Hot corrosion behavior of laser-glazed plasma-sprayed yttria-stabilized zirconia thermal barrier coatings in the presence of V 2O 5

Abstract

Thermal barrier coatings (TBCs) are now currently used in gas turbine engines' blades and vanes. A typical duplex TBCs system comprises of a plasma-sprayed thermally insulating ZrO 2 alloy top coat applied over an oxidation-resistant MCrAlY (M = Ni and/or Co) bond coat. In this investigation, the substrates of Hastelloy-X superalloy coupons were first sprayed with a Ni–22Cr–10Al–1Y bond coat and then with an yttria-stabilized zirconia (YSZ) top coat in which the yttria contents were varied from 6.1 wt.% to 19.5 wt.%. After that, the plasma-sprayed yttria-stabilized zirconia/MCrAlY TBCs were glazed using a pulsed CO 2 laser.
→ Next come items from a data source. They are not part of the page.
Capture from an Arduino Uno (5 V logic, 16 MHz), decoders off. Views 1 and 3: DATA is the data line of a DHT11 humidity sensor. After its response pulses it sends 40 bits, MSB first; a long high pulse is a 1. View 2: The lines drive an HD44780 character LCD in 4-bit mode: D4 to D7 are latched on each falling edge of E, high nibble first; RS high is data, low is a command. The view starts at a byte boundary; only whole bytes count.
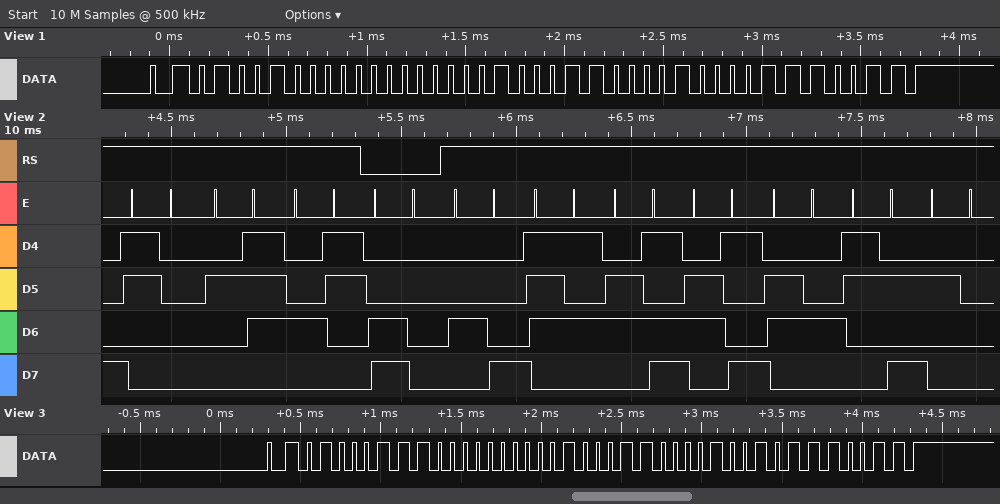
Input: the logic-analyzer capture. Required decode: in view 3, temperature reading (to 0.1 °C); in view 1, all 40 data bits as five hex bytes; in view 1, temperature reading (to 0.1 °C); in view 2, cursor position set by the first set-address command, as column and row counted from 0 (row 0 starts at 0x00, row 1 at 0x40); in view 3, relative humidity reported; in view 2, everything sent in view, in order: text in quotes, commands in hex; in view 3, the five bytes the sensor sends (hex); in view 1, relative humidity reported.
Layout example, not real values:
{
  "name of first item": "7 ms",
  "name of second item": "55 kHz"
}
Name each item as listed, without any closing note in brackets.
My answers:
{
  "in view 3, temperature reading": "35.9 °C",
  "in view 1, all 40 data bits as five hex bytes": "48 00 23 08 73",
  "in view 1, temperature reading": "35.8 °C",
  "in view 2, cursor position set by the first set-address command, as column and row counted from 0": "column 0, row 1",
  "in view 3, relative humidity reported": "71 %",
  "in view 2, everything sent in view, in order: text in quotes, commands in hex": "\"0'C\" 0xC0 \"Humid: \"",
  "in view 3, the five bytes the sensor sends": "47 00 23 09 73",
  "in view 1, relative humidity reported": "72 %"
}
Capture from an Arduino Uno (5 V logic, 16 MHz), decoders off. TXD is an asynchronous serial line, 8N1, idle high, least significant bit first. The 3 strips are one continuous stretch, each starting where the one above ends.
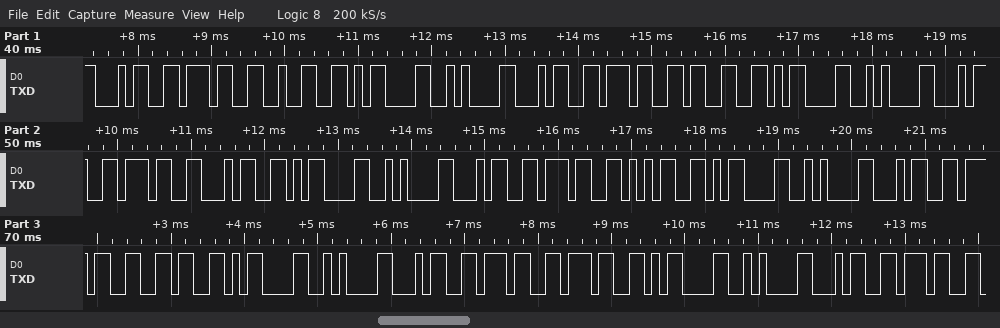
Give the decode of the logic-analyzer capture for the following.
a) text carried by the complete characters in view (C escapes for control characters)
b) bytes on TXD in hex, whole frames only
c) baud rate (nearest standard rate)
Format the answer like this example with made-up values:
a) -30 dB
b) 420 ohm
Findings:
a) "472\r\n473\r\n474\r\n475\r\n476\r\n477\r\n47"
b) 34 37 32 0D 0A 34 37 33 0D 0A 34 37 34 0D 0A 34 37 35 0D 0A 34 37 36 0D 0A 34 37 37 0D 0A 34 37
c) 9600 baud
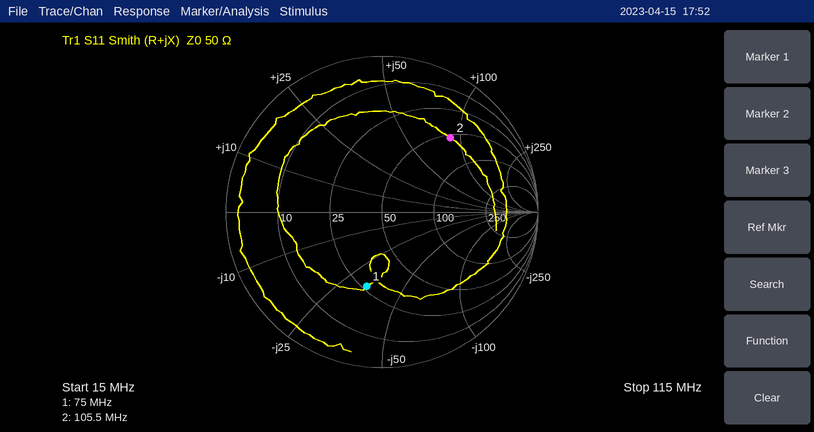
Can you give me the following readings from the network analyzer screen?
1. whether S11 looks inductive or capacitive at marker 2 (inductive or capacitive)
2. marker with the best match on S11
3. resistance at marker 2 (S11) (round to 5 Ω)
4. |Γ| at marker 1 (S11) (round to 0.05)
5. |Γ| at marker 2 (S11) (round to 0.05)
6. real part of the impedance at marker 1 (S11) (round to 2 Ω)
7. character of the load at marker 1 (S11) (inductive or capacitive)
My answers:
inductive
marker 1
55 Ω
0.50
0.65
26 Ω
capacitive
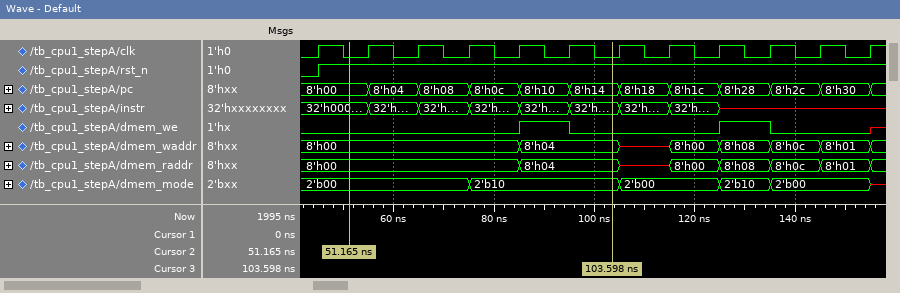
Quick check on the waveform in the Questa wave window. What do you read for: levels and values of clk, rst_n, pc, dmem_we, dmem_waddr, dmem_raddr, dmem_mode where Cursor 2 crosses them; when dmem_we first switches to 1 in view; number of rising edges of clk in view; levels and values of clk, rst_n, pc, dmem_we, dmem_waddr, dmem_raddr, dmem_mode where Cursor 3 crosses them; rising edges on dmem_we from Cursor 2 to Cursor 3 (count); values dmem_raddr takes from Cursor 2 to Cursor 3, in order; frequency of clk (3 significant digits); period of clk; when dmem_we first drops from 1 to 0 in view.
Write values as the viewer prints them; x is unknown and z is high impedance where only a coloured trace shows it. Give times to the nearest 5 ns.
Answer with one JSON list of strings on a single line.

The hot corrosion resistance of plasma-sprayed and laser-glazed zirconia thermal barrier coatings at 910 °C was investigated using coupons on which were deposited Na 2SO 4 and/or V 2O 5. The results of the high temperature corrosion tests showed that the lifetimes of the plasma-sprayed TBCs with different yttria content were all increased about fourfold by laser-glazing in the V 2O 5 salt contained test. The lifetime decreased with increasing the amount of deposited V 2O 5 salt. The X-ray diffraction showed that the reaction between yttria (Y 2O 3) and V 2O 5 produced YVO 4, leaching Y 2O 3 from the YSZ and causing progressive cubic, tetragonal to monoclinic phase destabilization transformation. The failure of the TBCs was initiated and propagated mainly within the top coat, near the top coat–bond coat interface. Both adding Na 2SO 4 and a reaction between Na 2SO 4 and the bond coat can probably reduce the strain accommodation of the top coat. There are no significant corrosion cyclic life differences for TBC with various YSZ top coats for both plasma-sprayed and laser-glazed TBC.